I thought I would post some pictures of what I have been doing with my lathe but first the disclaimer. This is the first metal lathe I have owned and my first experience with one since 8th grade when we made a cannon out of aluminum.

This first picture and project is an adapter from 6061 to adapt from a bar sink flange in the drip pan to the 3/4" drain hose on my coolant tank. I think a second drain would be useful.



Next I wanted to come up with a repeatable accurate method to connect 1"x8tpi female thread objects so they can be completed. I used a piece of 6" gray iron for the base for the D1-5 mount, drilled and tapped for the camlocks and drilled/tapped a 1-1/2"x16tpi in the center for various adapters.
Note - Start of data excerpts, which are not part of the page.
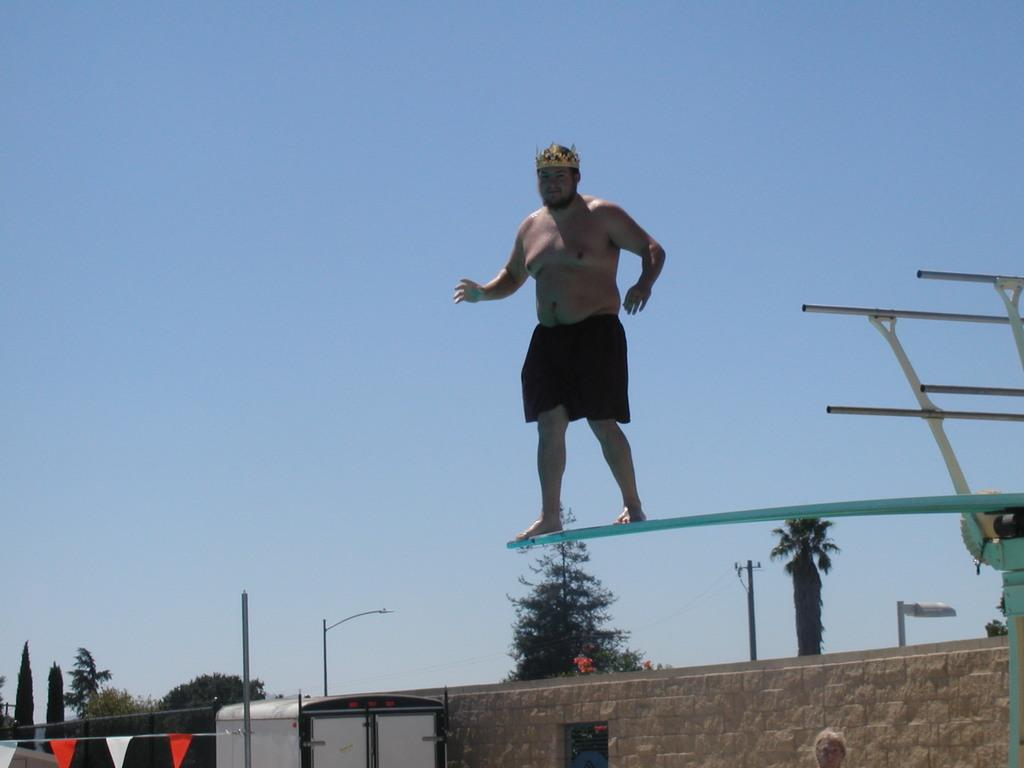What is the main subject of the image? There is a person standing on a board in the center of the image. What can be seen at the bottom of the image? There are houses, a wall, poles, flags, and trees at the bottom of the image. What is visible at the top of the image? The sky is visible at the top of the image. What type of oatmeal is being served in the image? There is no oatmeal present in the image. Can you describe the trail that the person is walking on in the image? There is no trail visible in the image; the person is standing on a board. 
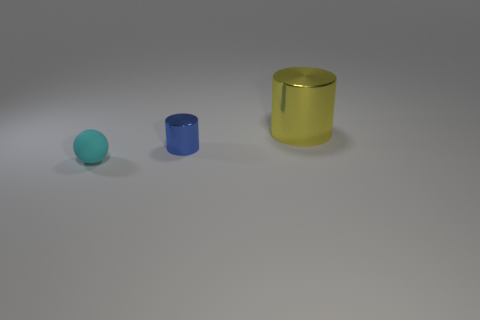Is there any other thing that is the same size as the yellow thing?
Give a very brief answer. No. What size is the yellow cylinder?
Your answer should be very brief. Large. There is a ball; is it the same size as the cylinder that is behind the small cylinder?
Provide a short and direct response. No. Is the size of the cyan matte thing the same as the yellow thing?
Ensure brevity in your answer.  No. What is the material of the big thing that is the same shape as the small metallic thing?
Keep it short and to the point. Metal. What number of rubber balls are the same size as the cyan object?
Your response must be concise. 0. What is the color of the other small cylinder that is the same material as the yellow cylinder?
Ensure brevity in your answer.  Blue. Are there fewer yellow metallic cylinders than brown cylinders?
Your answer should be very brief. No. How many cyan things are large cylinders or small spheres?
Give a very brief answer. 1. How many objects are both behind the cyan matte sphere and left of the yellow cylinder?
Ensure brevity in your answer.  1. 
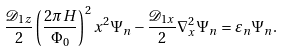<formula> <loc_0><loc_0><loc_500><loc_500>\frac { \mathcal { D } _ { 1 z } } { 2 } \left ( \frac { 2 \pi H } { \Phi _ { 0 } } \right ) ^ { 2 } x ^ { 2 } \Psi _ { n } - \frac { \mathcal { D } _ { 1 x } } { 2 } \nabla _ { x } ^ { 2 } \Psi _ { n } = \varepsilon _ { n } \Psi _ { n } .</formula>

This adapter is 1x8 I'll also want to use 1-1/4"x8 objects.





I wanted a sanding disc to use on my mini wood lathe for when I go mobile and made it from 6" 6061 rod.



I also wanted to be able to use a grinding wheel when mobile without having to drag along a grinder. This is made from one piece of 1018 (except for the 5/8" nut.)



I found I needed to mount to my rotary table via the MT#2 taper in it. Here is the result from a piece of unbelievably hard mystery metal.



I wanted a mandrel to use on my wood lathe for Christmas ornaments. I've done them from nylon in the past but felt at this small diameter (5/8") the nylon would be unstable and chose to use metal. This is from 2" 1018. The small end is turned to 5/8" on the above D1-5 adapter after being roughed to .800 or so and the 1x8 drilled and tapped in the normal 3 jaw chuck. The expanding portion is drilled and then milled using a 7 degree mill. The tapered wedge is at 8.5 degrees. I mounted the mill in my lathe drill chuck which has the usually undesirable result of creating a little chatter in the hole. The shatter keeps the wedge from slipping when tightening the allen head screw to expand the mandrel to hold the ornament globe. The plastic on the end is for protection. There is a 3/4" special order mandrel in the picture as well. The slots were cut with a slitting saw on my mill.



This is a screen capture of the mandrel in use from the video shot while I was demoing at the wood turning club last month. 



Here is a picture of a few ornaments the mandrel was used for.



I would be interested in any constructive criticism you might have for the methods used.

Dave


----------



## dave2176 (Oct 6, 2013)

Now that's funny.


----------